— Что значит для вас партия Манон?
— Как всякая красивая женщина, моя героиня верит, что может манипулировать миром, манипулировать мужчинами, она понимает свою власть и наслаждается ею. Может быть, она и любит де Грие, но она так юна и так наивна в своей вере в то, что ее красота сможет руководить миром.
— Какую роль сыграла она в вашей театральной карьере?
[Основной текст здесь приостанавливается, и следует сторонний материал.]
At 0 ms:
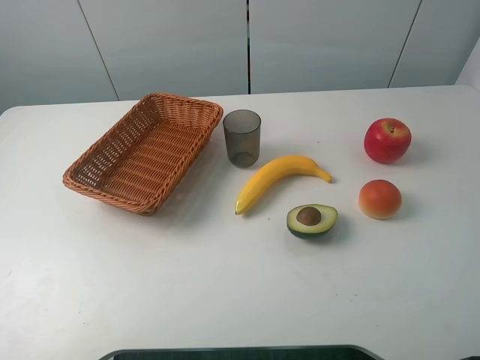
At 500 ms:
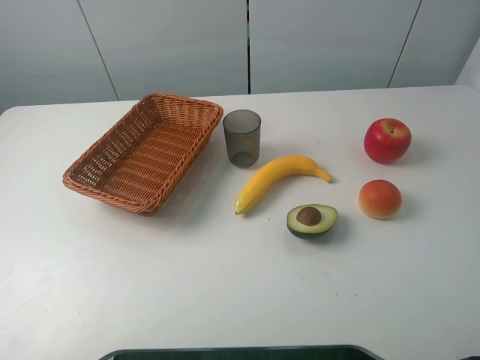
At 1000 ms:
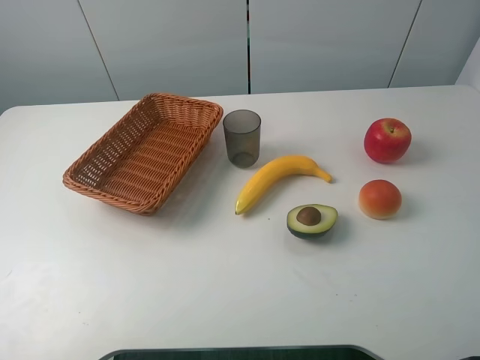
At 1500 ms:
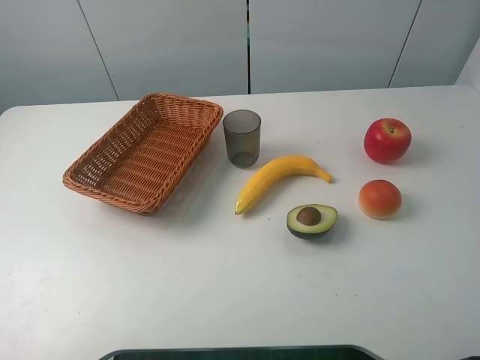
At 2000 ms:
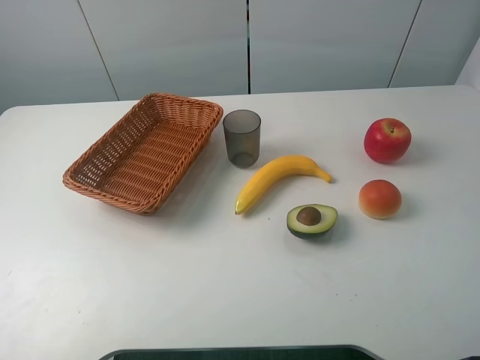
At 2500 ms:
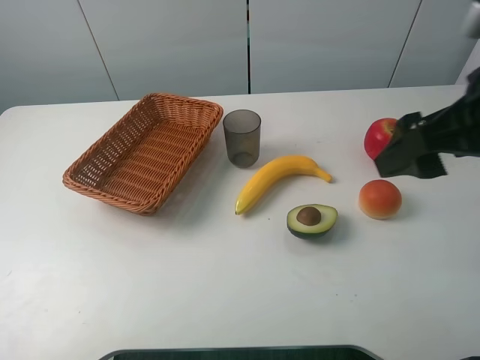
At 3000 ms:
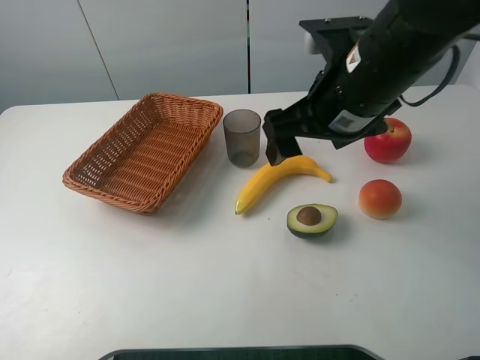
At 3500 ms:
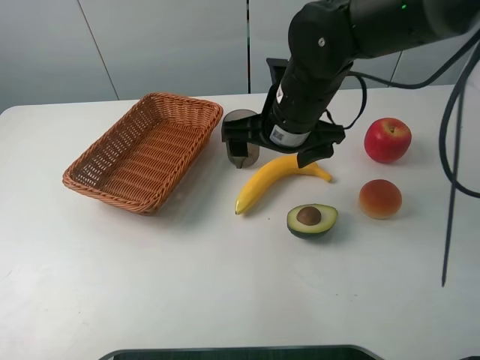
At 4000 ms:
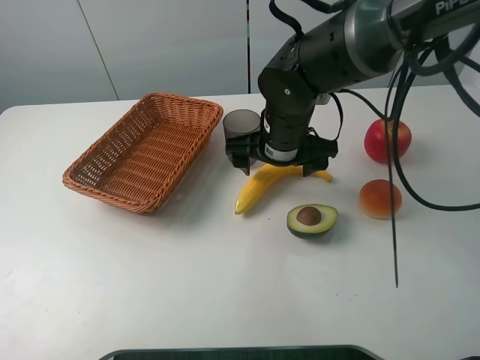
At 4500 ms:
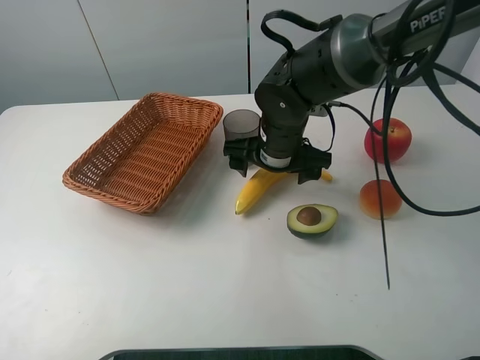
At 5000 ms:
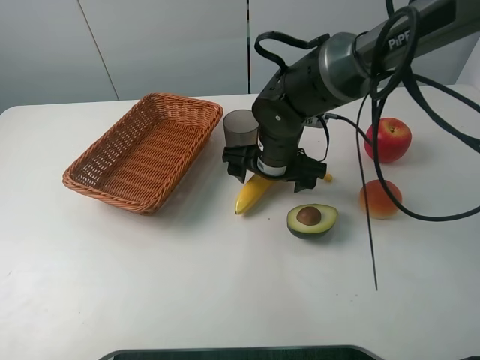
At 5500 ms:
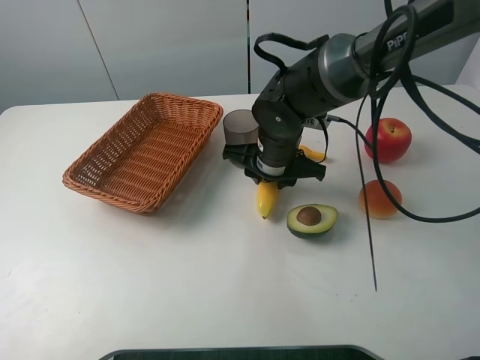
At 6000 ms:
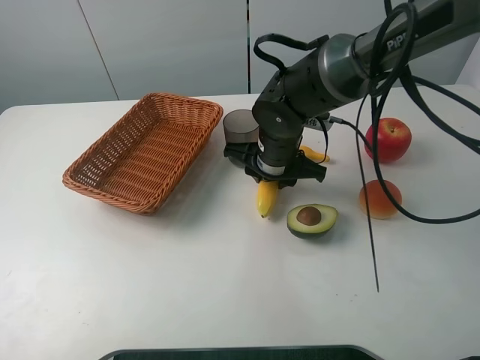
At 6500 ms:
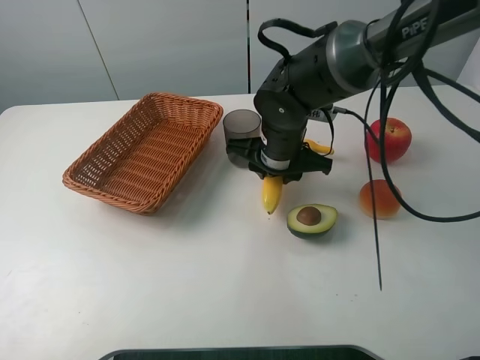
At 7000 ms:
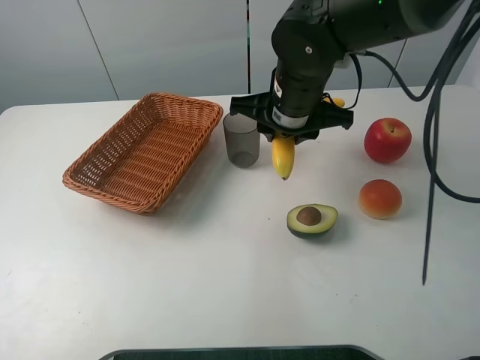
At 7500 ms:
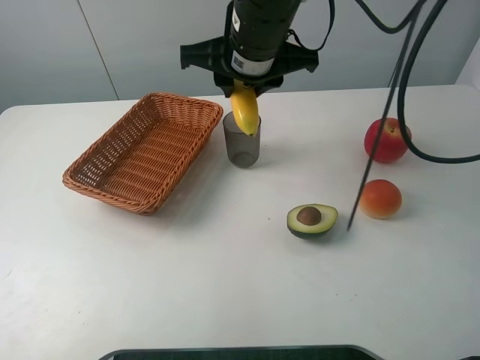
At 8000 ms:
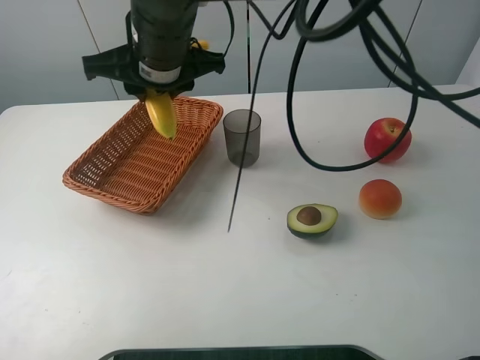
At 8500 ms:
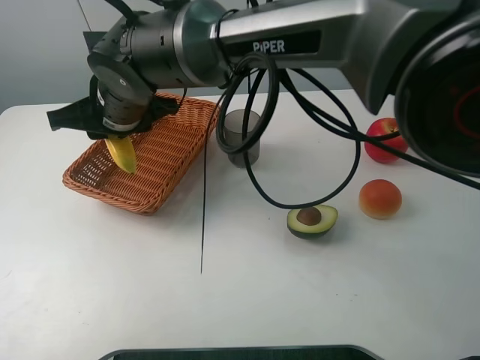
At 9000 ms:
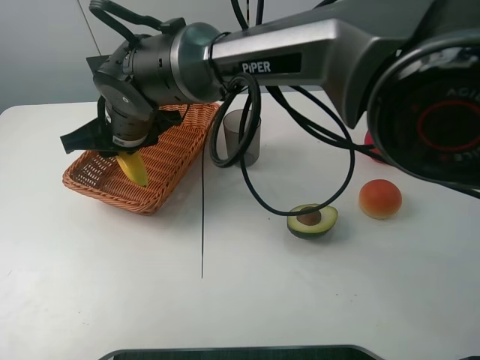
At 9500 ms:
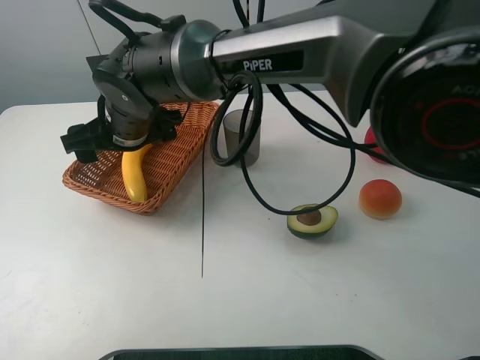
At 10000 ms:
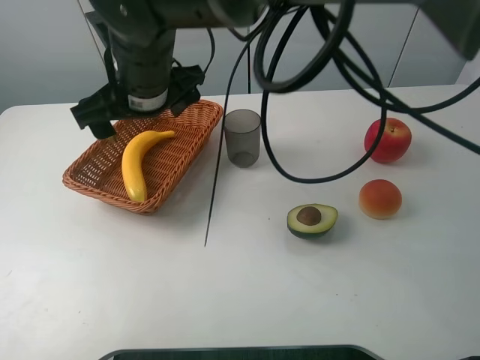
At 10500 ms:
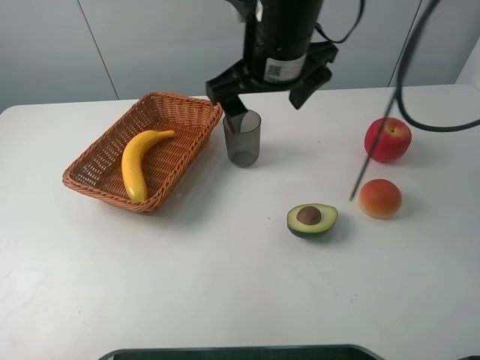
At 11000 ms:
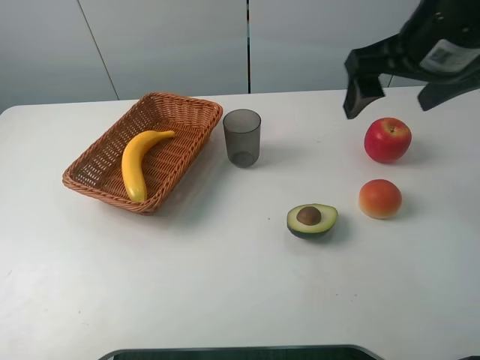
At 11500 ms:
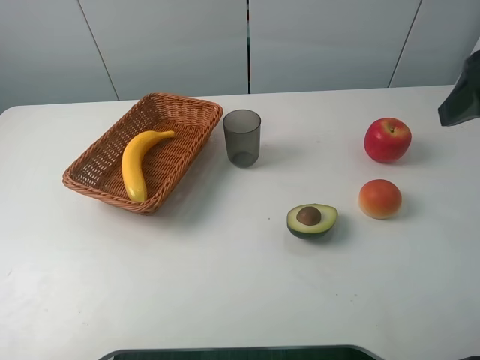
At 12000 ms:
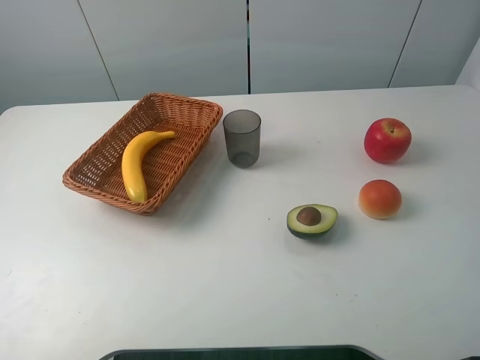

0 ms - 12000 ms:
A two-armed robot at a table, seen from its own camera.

— Кеннету Макмиллану, хореографу "Манон", я обязана всем, что у меня есть. Мне было 15, когда он пригласил меня в труппу. Относился как к собственной дочери. Это был очень сдержанный в эмоциях человек, немногословный, всего несколько слов-ключей, обозначающих то, что должно происходить. Я помню, как на репетиции третьего акта "Ромео и Джульетты" он сказал мне: "Не бойся быть некрасивой, потому что, когда человек страдает, он некрасив". Именно тогда я поняла, что значат его балеты, все те же классические па, но каждый шаг, движение подразумевает какое-то слово, текст. Поэтому надо отрешиться от классики, ее чистого и холодного стиля. Когда Макмиллан, как всегда по-английски чопорно, сказал мне: "Я хочу, чтобы ты танцевала Манон",— я была удивлена. Как всякая девочка, я тогда мечтала танцевать Джульетту. Почему Манон? Почему не Джульетту? Я не понимаю Манон! И уже гораздо позже я убедилась, что это был правильный выбор. Не люблю танцевать сказки, люблю партии, в которых можно показать личность. Манон, как и Джульетту, могу танцевать вечно, потому что каждый раз я открываю все новые и новые оттенки.